There were 7,992 housing units at an average density of 4,336.4 /mi2, of which 7,701 (96.4%) were occupied. Of these, 33.2% were owner-occupied, and 66.8% were occupied by renters. The homeowner vacancy rate was 0.9%, and the rental vacancy rate was 3.3%.

100.0% of residents lived in urban areas, while 0.0% lived in rural areas.

Racial composition as of the 2020 census
| Race | Number | Percent |
|---|---|---|
| White | 3,603 | 15.1% |
| Black or African American | 3,943 | 16.6% |
| American Indian and Alaska Native | 433 | 1.8% |
| Asian | 5,584 | 23.4% |
| Native Hawaiian and Other Pacific Islander | 301 | 1.3% |
| Some other race | 6,781 | 28.5% |
| Two or more races | 3,178 | 13.3% |
| Hispanic or Latino (of any race) | 10,548 | 44.3% |

===2023 American Community Survey===

In 2023, the US Census Bureau estimated that 37.0% of the population were foreign-born. Of all people aged 5 or older, 43.4% spoke only English at home, 32.8% spoke Spanish, 4.3% spoke other Indo-European languages, 17.6% spoke Asian or Pacific Islander languages, and 2.0% spoke other languages. Of those aged 25 or older, 80.9% were high school graduates and 20.8% had a bachelor's degree.

The median household income was $81,604, and the per capita income was $35,603. About 13.5% of families and 16.2% of the population were below the poverty line.

==Government==
Ashland is an unincorporated community outside the city limits of any neighboring city. Although it shares a zip code with a neighboring city, it does not receive any municipal services other than those provided by the county and is thus governed directly by the Alameda County Board of Supervisors and associated county agencies.

In 2019, the Eden Area Municipal Advisory Council was created by the Alameda County Board of Supervisors in order to advise the Board of Supervisors, the Alameda County Planning Commission and the West County Board of Zoning Adjustments, on policy and decision making for the unincorporated communities of Ashland, Cherryland, San Lorenzo and Hayward Acres.

Ashland is policed by the Alameda County Sheriff's Office, Eden Township Substation, and the California Highway Patrol.
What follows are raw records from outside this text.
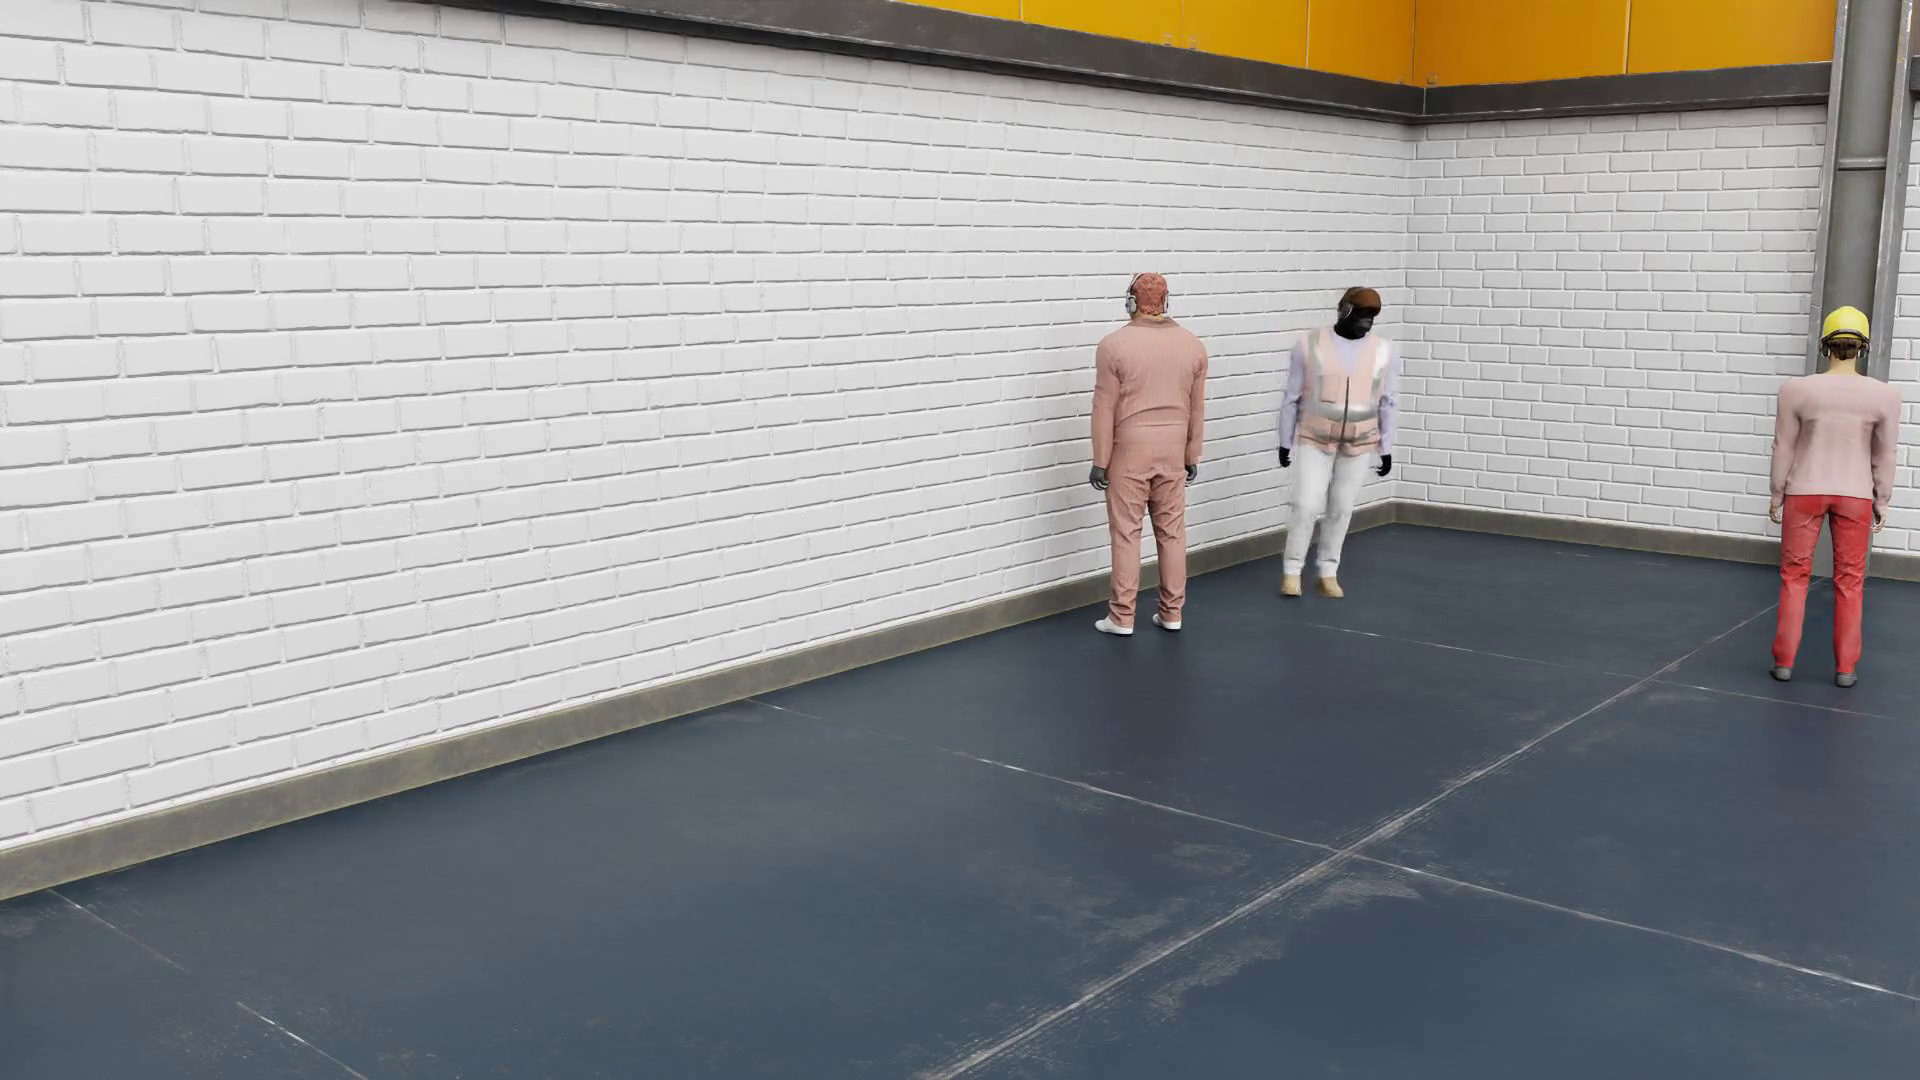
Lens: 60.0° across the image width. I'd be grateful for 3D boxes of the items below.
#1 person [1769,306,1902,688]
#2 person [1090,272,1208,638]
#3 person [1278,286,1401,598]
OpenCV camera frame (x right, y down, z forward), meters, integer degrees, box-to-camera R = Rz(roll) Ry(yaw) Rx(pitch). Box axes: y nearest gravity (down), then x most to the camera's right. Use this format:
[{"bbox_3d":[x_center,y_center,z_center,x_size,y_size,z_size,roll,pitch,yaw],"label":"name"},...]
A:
[{"bbox_3d":[4.033,-0.197,7.715,0.518,1.756,0.346,4,11,21],"label":"person"},{"bbox_3d":[0.968,-0.444,8.720,0.641,1.903,0.402,-4,11,-23],"label":"person"},{"bbox_3d":[2.185,-0.550,9.582,0.670,1.813,0.455,0,10,3],"label":"person"}]

Ashland is served by the San Lorenzo Unified School District for public school services.

Ashland is served by the Alameda County Public Works Agency for road and public infrastructure design and maintenance.

Ashland is served by the Hayward Area Recreation and Parks District for parks and recreation.

Ashland is served by the Oro Loma Sanitary District for wastewater services and the East Bay Municipal Utility District for freshwater services.